Task directions: Would you show every line from the records that holds "fill"?

---------------

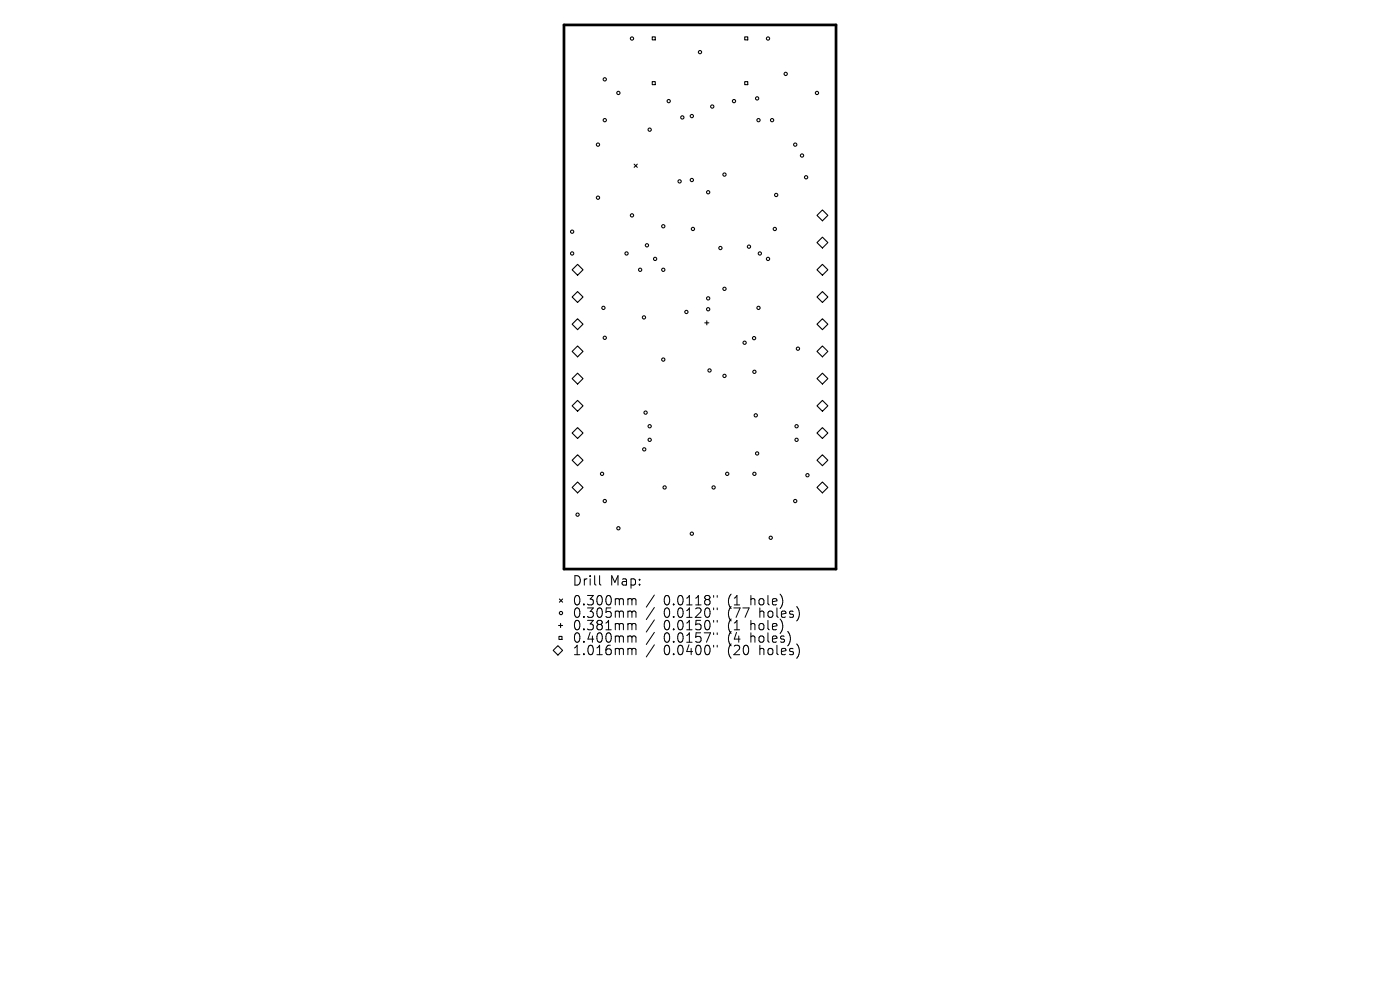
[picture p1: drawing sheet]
<svg xmlns="http://www.w3.org/2000/svg" width="297mm" height="210mm" viewBox="0 0 297 210" stroke-linecap="round" stroke-linejoin="round" font-family="sans-serif">
<defs><g id="words">
<g font-size="2.8">
<text x="121.4" y="124.5">Drill</text>
<text x="129.4" y="124.5">Map:</text>
<text x="121.4" y="128.7">0.300mm</text>
<text x="121.4" y="131.3">0.305mm</text>
<text x="140.8" y="128.7">0.0118&quot;</text>
<text x="140.8" y="131.3">0.0120&quot;</text>
<text x="154.5" y="128.7">(1</text>
<text x="154.5" y="131.3">(77</text>
<text x="159.5" y="128.7">hole)</text>
<text x="161.4" y="131.3">holes)</text>
<text x="121.4" y="134">0.381mm</text>
<text x="121.4" y="136.6">0.400mm</text>
<text x="140.8" y="134">0.0150&quot;</text>
<text x="140.8" y="136.6">0.0157&quot;</text>
<text x="154.5" y="134">(1</text>
<text x="154.5" y="136.6">(4</text>
<text x="159.5" y="134">hole)</text>
<text x="159.5" y="136.6">holes)</text>
<text x="121.4" y="139.3">1.016mm</text>
<text x="140.8" y="139.3">0.0400&quot;</text>
<text x="154.5" y="139.3">(20</text>
<text x="161.4" y="139.3">holes)</text>
</g>
</g></defs>
<path d="M119.6 5.3h57.8v115.4h-57.8z" fill="none" stroke="#000" stroke-width=".58"/>
<g fill="none" stroke="#000" stroke-width=".23">
<path d="M138.4 7.8h.6v.7h-.6zM138.4 17.3h.6v.7h-.6zM158 7.8h.6v.7h-.6zM158 17.3h.6v.7h-.6zM134.5 34.8l.7 .7M135.2 34.8l-.7 .7M121.4 57.2l1.1-1.1 1.2 1.1-1.2 1.2zM173.3 45.7l1.2-1.2 1.1 1.2-1.1 1.1zM173.3 51.5l1.2-1.2 1.1 1.2-1.1 1.1zM173.3 57.2l1.2-1.1 1.1 1.1-1.1 1.2zM121.4 63l1.1-1.2 1.2 1.2-1.2 1.2zM121.4 68.8l1.1-1.2 1.2 1.2-1.2 1.1z"/>
<path d="M121.4 74.5l1.1-1.1 1.2 1.1-1.2 1.2zM149.5 68.5h.9M149.9 68.1v.8M173.3 63l1.2-1.2 1.1 1.2-1.1 1.2zM173.3 68.8l1.2-1.2 1.1 1.2-1.1 1.1zM173.3 74.5l1.2-1.1 1.1 1.1-1.1 1.2zM121.4 80.3l1.1-1.1 1.2 1.1-1.2 1.2zM121.4 86.1l1.1-1.2 1.2 1.2-1.2 1.1zM121.4 91.9l1.1-1.2 1.2 1.2-1.2 1.1zM121.4 97.6l1.1-1.1 1.2 1.1-1.2 1.2zM173.3 80.3l1.2-1.1 1.1 1.1-1.1 1.2zM173.3 86.1l1.2-1.2 1.1 1.2-1.1 1.1z"/>
<path d="M173.3 91.9l1.2-1.2 1.1 1.2-1.1 1.1zM173.3 97.6l1.2-1.1 1.1 1.1-1.1 1.2zM121.4 103.4l1.1-1.2 1.2 1.2-1.2 1.2zM173.3 103.4l1.2-1.2 1.1 1.2-1.1 1.2zM118.4 137l1 1-1 1-1-1zM118.5 132.7h.9M118.6 135h.6v.6h-.6zM118.7 127.1l.7 .6M118.9 132.3v.8M119.4 127.1l-.7 .6"/>
<circle cx="128.3" cy="16.8" r=".35"/>
<circle cx="131.2" cy="19.7" r=".35"/>
<circle cx="134.1" cy="8.2" r=".35"/>
<circle cx="148.5" cy="11.1" r=".35"/>
<circle cx="162.9" cy="8.2" r=".35"/>
<circle cx="166.7" cy="15.7" r=".35"/>
<circle cx="173.3" cy="19.7" r=".35"/>
<circle cx="126.9" cy="30.7" r=".35"/>
<circle cx="128.3" cy="25.5" r=".35"/>
<circle cx="137.8" cy="27.5" r=".35"/>
<circle cx="141.9" cy="21.4" r=".35"/>
<circle cx="144.2" cy="38.5" r=".35"/>
<circle cx="144.7" cy="24.9" r=".35"/>
<circle cx="146.8" cy="38.2" r=".35"/>
<circle cx="146.8" cy="24.6" r=".35"/>
<circle cx="151.1" cy="22.6" r=".35"/>
<circle cx="153.7" cy="37" r=".35"/>
<circle cx="155.7" cy="21.4" r=".35"/>
<circle cx="160.6" cy="20.9" r=".35"/>
<circle cx="160.9" cy="25.5" r=".35"/>
<circle cx="163.8" cy="25.5" r=".35"/>
<circle cx="168.7" cy="30.7" r=".35"/>
<circle cx="170.1" cy="33" r=".35"/>
<circle cx="171" cy="37.6" r=".35"/>
<circle cx="121.4" cy="53.8" r=".35"/>
<circle cx="121.4" cy="49.2" r=".35"/>
<circle cx="126.9" cy="41.9" r=".35"/>
<circle cx="132.9" cy="53.8" r=".35"/>
<circle cx="134.1" cy="45.7" r=".35"/>
<circle cx="135.8" cy="57.2" r=".35"/>
<circle cx="137.2" cy="52" r=".35"/>
<circle cx="139" cy="54.9" r=".35"/>
<circle cx="140.7" cy="57.2" r=".35"/>
<circle cx="140.7" cy="48" r=".35"/>
<circle cx="147" cy="48.6" r=".35"/>
<circle cx="150.2" cy="40.8" r=".35"/>
<circle cx="152.8" cy="52.6" r=".35"/>
<circle cx="158.9" cy="52.3" r=".35"/>
<circle cx="161.2" cy="53.8" r=".35"/>
<circle cx="162.9" cy="54.9" r=".35"/>
<circle cx="164.4" cy="48.6" r=".35"/>
<circle cx="164.7" cy="41.4" r=".35"/>
<circle cx="128" cy="65.3" r=".35"/>
<circle cx="128.3" cy="71.7" r=".35"/>
<circle cx="136.6" cy="67.3" r=".35"/>
<circle cx="140.7" cy="76.3" r=".35"/>
<circle cx="145.6" cy="66.2" r=".35"/>
<circle cx="150.2" cy="63.3" r=".35"/>
<circle cx="150.2" cy="65.6" r=".35"/>
<circle cx="150.5" cy="78.6" r=".35"/>
<circle cx="153.7" cy="79.7" r=".35"/>
<circle cx="153.7" cy="61.3" r=".35"/>
<circle cx="158" cy="72.7" r=".35"/>
<circle cx="160" cy="71.7" r=".35"/>
<circle cx="160" cy="78.9" r=".35"/>
<circle cx="160.9" cy="65.3" r=".35"/>
<circle cx="169.3" cy="74" r=".35"/>
<circle cx="136.7" cy="95.3" r=".35"/>
<circle cx="137" cy="87.5" r=".35"/>
<circle cx="137.8" cy="90.4" r=".35"/>
<circle cx="137.8" cy="93.3" r=".35"/>
<circle cx="160.3" cy="88.1" r=".35"/>
<circle cx="160.6" cy="96.2" r=".35"/>
<circle cx="169" cy="90.4" r=".35"/>
<circle cx="169" cy="93.3" r=".35"/>
<circle cx="122.5" cy="109.2" r=".35"/>
<circle cx="127.7" cy="100.5" r=".35"/>
<circle cx="128.3" cy="106.3" r=".35"/>
<circle cx="131.2" cy="112.1" r=".35"/>
<circle cx="141" cy="103.4" r=".35"/>
<circle cx="146.8" cy="113.2" r=".35"/>
<circle cx="151.4" cy="103.4" r=".35"/>
<circle cx="154.3" cy="100.5" r=".35"/>
<circle cx="160" cy="100.5" r=".35"/>
<circle cx="163.5" cy="114.1" r=".35"/>
<circle cx="168.7" cy="106.3" r=".35"/>
<circle cx="171.3" cy="100.8" r=".35"/>
<circle cx="119" cy="130" r=".35"/>
</g>
<g fill="none" stroke="#000" stroke-width=".21">
<path d="M127.2 122.1v1.7l.3 .3M133.5 127h.3l.3 .3M133.5 129.6h.3l.3 .3M133.5 132.3l.5 .1 .1 .2M133.5 134.9l.5 .1 .1 .2M133.5 137.5l.5 .1 .1 .2M134.1 127.3l.2-.3 .5 .1 .1 1.2M134.1 127.3v1M134.1 129.9v1.1M134.1 132.6v1M134.1 135.2v1M134.1 137.8v1.1"/>
<path d="M134.1 129.9l.2-.3 .5 .1 .1 1.3M134.1 132.6l.2-.3 .5 .1 .1 1.2M134.1 135.2l.2-.3 .5 .1 .1 1.2M134.1 137.8l.2-.3 .5 .1 .1 1.3M138.8 126.2l-1.7 2.6M138.8 128.9l-1.7 2.5M138.8 131.5l-1.7 2.6M138.8 134.1l-1.7 2.6M138.8 136.8l-1.7 2.6M151.4 126.3v.4M151.4 129v.3M151.4 131.6v.4"/>
<path d="M151.4 134.2v.4M151.4 136.9v.4M152.2 126.3v.4M152.2 129v.3M152.2 131.6v.4M152.2 134.2v.4M152.2 136.9v.4"/>
</g>
<use href="#words"/>
</svg>

---------------

Response for this exercise:
<path d="M119.6 5.3h57.8v115.4h-57.8z" fill="none" stroke="#000" stroke-width=".58"/>
<g fill="none" stroke="#000" stroke-width=".23">
<g fill="none" stroke="#000" stroke-width=".21">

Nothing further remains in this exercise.